いちばん星の独占権
たとえばここが夜の空だとして。
夕暮れどき、空を見上げて誰もが真っ先に指をさす、いちばん星のようなひと。
それがなるちかくん。
それならわたしは、空高く昇っても誰にも気づかれずにそっと宵闇に溶けている6等星でまちがいない。
これは、謙遜ではなくて、ほんとうにそうなの。
あまりにもかけ離れている。
言葉を交わすこともなく、そうしたいと願うこともなくて、平行線はずっと平行のまま卒業までそうしていくのだと、てっきり思っていた。
たまに見かけるなるちかくんの金髪を、今日も眩しいなあと目を細めるだけの日々がこれからもずっと続いていくのだと。
そんな、なるちかくんとはじめて話したのは。
なるちかくんが、はじめて保健室を訪れたのは、昨年のこの時期────夏のはじまりの季節だった。
『どなた、ですか……?』
昼休み。
一年前も今とまったく変わりなく、保健室でユーレイ委員のみんなに代わって当番をしていたわたし。

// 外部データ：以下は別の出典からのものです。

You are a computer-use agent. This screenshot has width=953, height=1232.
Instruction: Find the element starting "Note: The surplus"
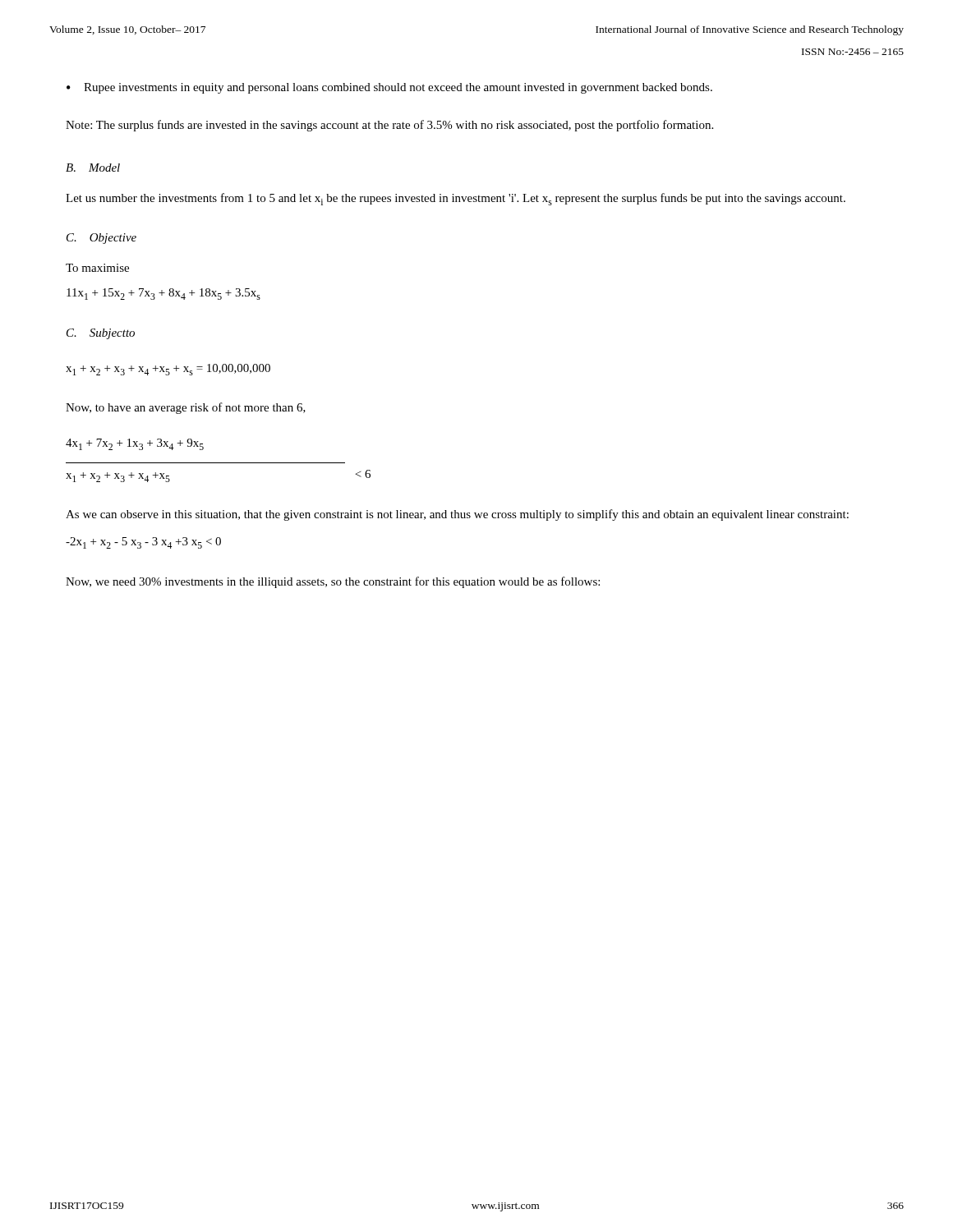pos(390,125)

たしか、あのときは、れーちゃん……仲良しの島坂 玲奈ちゃんとりんくんも一緒にいたと思う。
ふたりが保健室を訪れるのはよくあることだもん。
────ともかく、ノックもなしにとつぜん保健室の扉がガラガラッと開いたから、びっくりして振り向いて。
そこに立っていた人物に、またびっくりした。